◆ **Exercise directions**: Filter these entries, keeping only lines that hold the word "Which".
=======
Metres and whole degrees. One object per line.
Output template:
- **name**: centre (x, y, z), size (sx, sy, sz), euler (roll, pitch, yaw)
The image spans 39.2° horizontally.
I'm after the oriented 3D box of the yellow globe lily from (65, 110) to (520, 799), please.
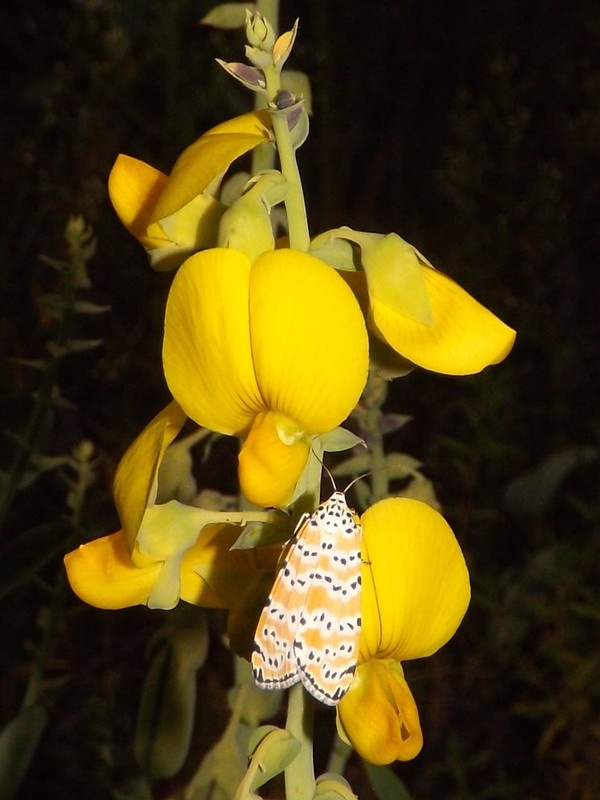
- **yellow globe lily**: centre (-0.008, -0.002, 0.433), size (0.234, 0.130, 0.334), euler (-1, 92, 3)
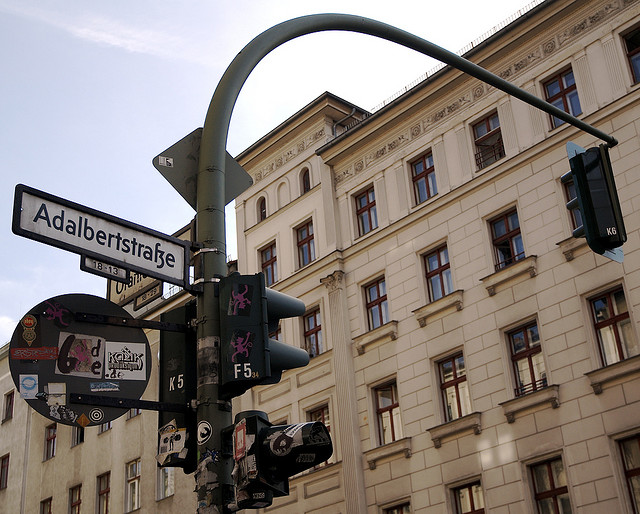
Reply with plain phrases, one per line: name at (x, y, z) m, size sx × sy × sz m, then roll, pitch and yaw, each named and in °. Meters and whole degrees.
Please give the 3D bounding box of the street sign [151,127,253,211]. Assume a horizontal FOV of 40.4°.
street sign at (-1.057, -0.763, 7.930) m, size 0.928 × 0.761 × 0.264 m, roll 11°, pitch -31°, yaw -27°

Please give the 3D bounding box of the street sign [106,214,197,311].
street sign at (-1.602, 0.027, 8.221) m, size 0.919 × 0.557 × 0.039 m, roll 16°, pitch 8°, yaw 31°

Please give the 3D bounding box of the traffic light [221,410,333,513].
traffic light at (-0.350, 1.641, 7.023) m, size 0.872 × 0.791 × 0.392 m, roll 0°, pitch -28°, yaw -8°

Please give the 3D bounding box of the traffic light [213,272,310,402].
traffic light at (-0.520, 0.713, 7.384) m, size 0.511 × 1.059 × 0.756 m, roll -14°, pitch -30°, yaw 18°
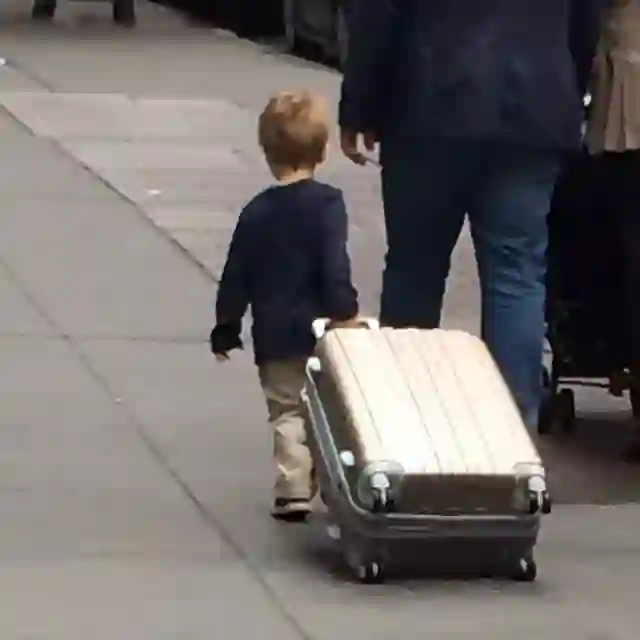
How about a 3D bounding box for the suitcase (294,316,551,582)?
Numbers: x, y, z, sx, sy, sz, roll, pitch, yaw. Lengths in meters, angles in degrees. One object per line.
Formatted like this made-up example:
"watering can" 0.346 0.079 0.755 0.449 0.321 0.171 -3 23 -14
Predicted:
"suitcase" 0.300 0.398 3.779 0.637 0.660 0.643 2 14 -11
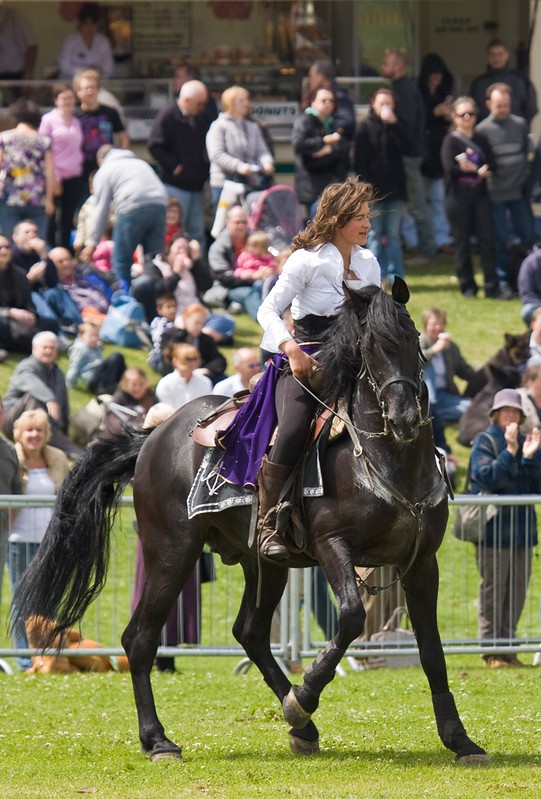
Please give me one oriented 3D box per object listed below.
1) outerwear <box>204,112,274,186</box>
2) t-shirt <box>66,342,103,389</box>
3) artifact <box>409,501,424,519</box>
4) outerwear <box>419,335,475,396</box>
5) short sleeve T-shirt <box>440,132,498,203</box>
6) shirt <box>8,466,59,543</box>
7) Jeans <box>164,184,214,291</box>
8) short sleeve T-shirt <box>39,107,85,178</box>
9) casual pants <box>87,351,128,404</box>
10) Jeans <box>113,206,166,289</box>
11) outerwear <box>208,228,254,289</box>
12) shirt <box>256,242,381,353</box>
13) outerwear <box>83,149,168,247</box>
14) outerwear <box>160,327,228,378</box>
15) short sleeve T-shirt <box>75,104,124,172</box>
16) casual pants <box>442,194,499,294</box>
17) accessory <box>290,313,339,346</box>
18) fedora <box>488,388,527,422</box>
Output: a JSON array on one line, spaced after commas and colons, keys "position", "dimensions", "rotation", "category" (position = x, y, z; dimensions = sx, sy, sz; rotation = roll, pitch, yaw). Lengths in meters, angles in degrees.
=======
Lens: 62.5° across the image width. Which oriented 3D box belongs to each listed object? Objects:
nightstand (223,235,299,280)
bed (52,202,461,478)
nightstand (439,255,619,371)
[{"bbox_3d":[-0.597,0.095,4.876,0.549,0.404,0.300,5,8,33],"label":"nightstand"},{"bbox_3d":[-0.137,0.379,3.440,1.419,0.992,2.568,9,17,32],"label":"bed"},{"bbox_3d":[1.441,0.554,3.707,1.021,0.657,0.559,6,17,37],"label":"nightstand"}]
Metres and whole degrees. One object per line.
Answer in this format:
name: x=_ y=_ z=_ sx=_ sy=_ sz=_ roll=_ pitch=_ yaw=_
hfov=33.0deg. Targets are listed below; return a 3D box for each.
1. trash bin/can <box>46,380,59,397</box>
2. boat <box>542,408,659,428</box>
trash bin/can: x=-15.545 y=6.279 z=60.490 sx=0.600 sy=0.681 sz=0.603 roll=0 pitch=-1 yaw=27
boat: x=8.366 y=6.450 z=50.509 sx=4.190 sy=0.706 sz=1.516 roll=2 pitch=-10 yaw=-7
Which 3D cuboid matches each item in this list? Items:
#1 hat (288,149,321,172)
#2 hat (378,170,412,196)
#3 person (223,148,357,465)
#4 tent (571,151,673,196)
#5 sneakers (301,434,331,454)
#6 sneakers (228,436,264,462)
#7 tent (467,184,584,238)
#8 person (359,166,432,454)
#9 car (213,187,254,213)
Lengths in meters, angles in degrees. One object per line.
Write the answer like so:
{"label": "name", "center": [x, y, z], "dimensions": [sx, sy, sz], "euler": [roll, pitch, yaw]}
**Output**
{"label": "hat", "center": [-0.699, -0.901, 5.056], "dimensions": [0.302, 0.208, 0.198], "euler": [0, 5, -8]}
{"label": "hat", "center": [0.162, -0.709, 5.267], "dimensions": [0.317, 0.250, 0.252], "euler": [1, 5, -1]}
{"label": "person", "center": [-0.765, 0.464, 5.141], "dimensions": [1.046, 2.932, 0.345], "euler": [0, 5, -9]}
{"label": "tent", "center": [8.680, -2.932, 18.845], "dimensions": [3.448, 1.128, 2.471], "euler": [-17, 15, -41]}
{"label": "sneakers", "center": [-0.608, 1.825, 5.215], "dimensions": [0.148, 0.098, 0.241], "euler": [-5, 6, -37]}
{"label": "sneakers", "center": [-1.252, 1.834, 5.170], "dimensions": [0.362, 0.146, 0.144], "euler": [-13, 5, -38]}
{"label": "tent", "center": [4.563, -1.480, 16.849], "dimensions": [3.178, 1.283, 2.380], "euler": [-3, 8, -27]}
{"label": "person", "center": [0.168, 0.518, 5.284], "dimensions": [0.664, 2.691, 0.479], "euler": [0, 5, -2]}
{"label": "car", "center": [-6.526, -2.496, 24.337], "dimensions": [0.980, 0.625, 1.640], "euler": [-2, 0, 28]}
=======
◆ **Output for this task**:
Lens: 62.5° across the image width. Which oriented 3D box belongs to each listed object? Objects:
Which 3D cuboid matches each item in this list? Items:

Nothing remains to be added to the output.